Felchenfischen

Felchenfischen mit dem Echolot

 

Felchenfischen und Echolot

„Man hat Bisse, ohne dass etwas auf dem Bildschirm zu sehen ist.“ - von Manuel Bünzli

 

Das Echolot ist heute, wo erlaubt, beim Vertikalfischen auf Schwarmfische wie Saiblinge, Egli und vor allem Felchen nicht mehr wegzudenken. Wer glaubt, die Fischerei mit Echolot sei eine verwerfliche, weil unsportliche Sache, liegt falsch. Ist ein Schwarm einmal gefunden, sind die Fische noch lange nicht gefangen. Doch wenigstens ist die Gewissheit gegeben, dass es am betreffenden Ort überhaupt Fische hat.

 

Beim Fischen mit dem Echolot gibt es einige Grundsätze zu beachten, die die Erfolgschancen enorm erhöhen können. Erstens zeigt das Echolot je nach Gerät und Wassertiefe nur einen Ausschnitt der Unterwasserwelt, einen so genannten Sendekegel. Es kann also durchaus sein, dass man Bisse hat, ohne dass Fische auf dem Bildschirm zu sehen sind.

 

Zweitens haben Echolote, je nach Sendeleistung und Auflösung der Echos Mühe, sehr tiefstehende Fische vom Grund zu unterscheiden. Dem geübten Auge fällt es aber nicht schwer, solche Fische, insbesondere Felchen, die meist als kleine Erhebung oder einzelne Pixel auf dem ansonsten flachen Abbild des Grundes auffallen, zu erkennen (siehe Bild).

 

Die wichtigste Erkenntnis, die man beim Echolotfischen immer beherzigen sollte, ist, sich nicht zum Sklaven der Technik zu machen.
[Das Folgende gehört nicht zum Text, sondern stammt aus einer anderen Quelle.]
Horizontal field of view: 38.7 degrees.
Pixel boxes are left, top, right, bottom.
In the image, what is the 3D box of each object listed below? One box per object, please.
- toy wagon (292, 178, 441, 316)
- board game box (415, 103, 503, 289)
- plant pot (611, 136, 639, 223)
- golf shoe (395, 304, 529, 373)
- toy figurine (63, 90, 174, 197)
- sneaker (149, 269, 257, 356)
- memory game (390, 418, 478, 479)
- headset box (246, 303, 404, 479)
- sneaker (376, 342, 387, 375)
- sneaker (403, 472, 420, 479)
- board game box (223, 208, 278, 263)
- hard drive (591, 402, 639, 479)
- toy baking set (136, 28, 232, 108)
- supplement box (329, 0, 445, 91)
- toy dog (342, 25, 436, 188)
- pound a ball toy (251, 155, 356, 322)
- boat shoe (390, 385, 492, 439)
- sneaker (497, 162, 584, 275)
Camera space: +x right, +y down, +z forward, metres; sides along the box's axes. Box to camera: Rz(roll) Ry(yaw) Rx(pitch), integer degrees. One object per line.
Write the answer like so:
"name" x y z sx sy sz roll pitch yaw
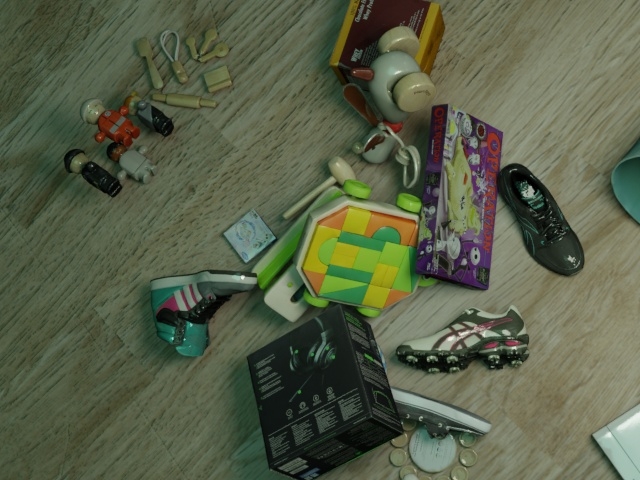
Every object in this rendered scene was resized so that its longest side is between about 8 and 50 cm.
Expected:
"toy wagon" 0.123 0.030 1.855 0.344 0.068 0.267 13 111 -19
"board game box" 0.288 -0.084 1.870 0.056 0.208 0.346 -1 79 39
"plant pot" 0.746 -0.147 1.735 0.293 0.293 0.235 33 73 17
"golf shoe" 0.289 0.205 1.878 0.273 0.105 0.120 -5 63 7
"toy figurine" -0.458 -0.224 2.065 0.148 0.209 0.213 33 120 15
"sneaker" -0.256 0.160 1.969 0.295 0.124 0.178 -10 78 38
"memory game" 0.233 0.429 1.882 0.186 0.012 0.186 -2 79 13
"headset box" 0.001 0.300 1.837 0.246 0.131 0.283 -32 51 19
"sneaker" 0.090 0.315 1.901 0.085 0.086 0.237 -1 78 15
"sneaker" 0.249 0.547 1.829 0.094 0.080 0.212 -34 84 -2
"board game box" -0.158 -0.009 2.056 0.090 0.020 0.090 -39 74 3
"hard drive" 0.739 0.376 1.751 0.353 0.047 0.233 -35 74 5
"toy baking set" -0.324 -0.409 2.171 0.256 0.030 0.196 4 78 14
"supplement box" 0.149 -0.428 2.004 0.194 0.129 0.191 17 84 16
"toy dog" 0.113 -0.270 1.862 0.161 0.333 0.220 -6 38 -18
"pound a ball toy" 0.000 0.000 1.970 0.319 0.136 0.208 -47 32 8
"boat shoe" 0.230 0.364 1.849 0.228 0.080 0.076 16 89 17
"sneaker" 0.447 -0.042 1.866 0.101 0.106 0.267 -35 81 4

Fischen Sie ausdauernd, auch wenn einmal keine Fische zu sehen sind. Und wechseln Sie nicht wegen jedem Fisch die Tiefe, auf der Sie den Köder anbieten. Ist eine klare Tendenz auszumachen, kommen also die Fische relativ konstant auf einer bestimmten Tiefe, so ist ein Wechsel angezeigt. Wegen einem einzelnen oder vielleicht zwei Fischen die Tiefe zu wechseln, ist sinnlos. Wichtig ist es zudem, beim Suchen eines geeigneten Angelplatzes mit dem Boot langsam zu fahren. Haben Sie einmal einen Schwarm oder eine Ansammlung von Fischen entdeckt, warten sie ein paar Minuten und verfolgen die Entwicklung auf dem Schirm. Kommen Fische mit einer gewissen Regelmässigkeit oder ist der Schwarm einfach durchgezogen? Im ersteren Fall kann sich das Ankern lohnen. Und wechseln Sie nicht den Angelplatz alle 5 Minuten, nur weil keine Fische zu erkennen sind. Es lohnt sich, auch einmal an einem vermeintlich unergiebigen Platz zu bleiben und es eine halbe Stunde konzentriert zu versuchen.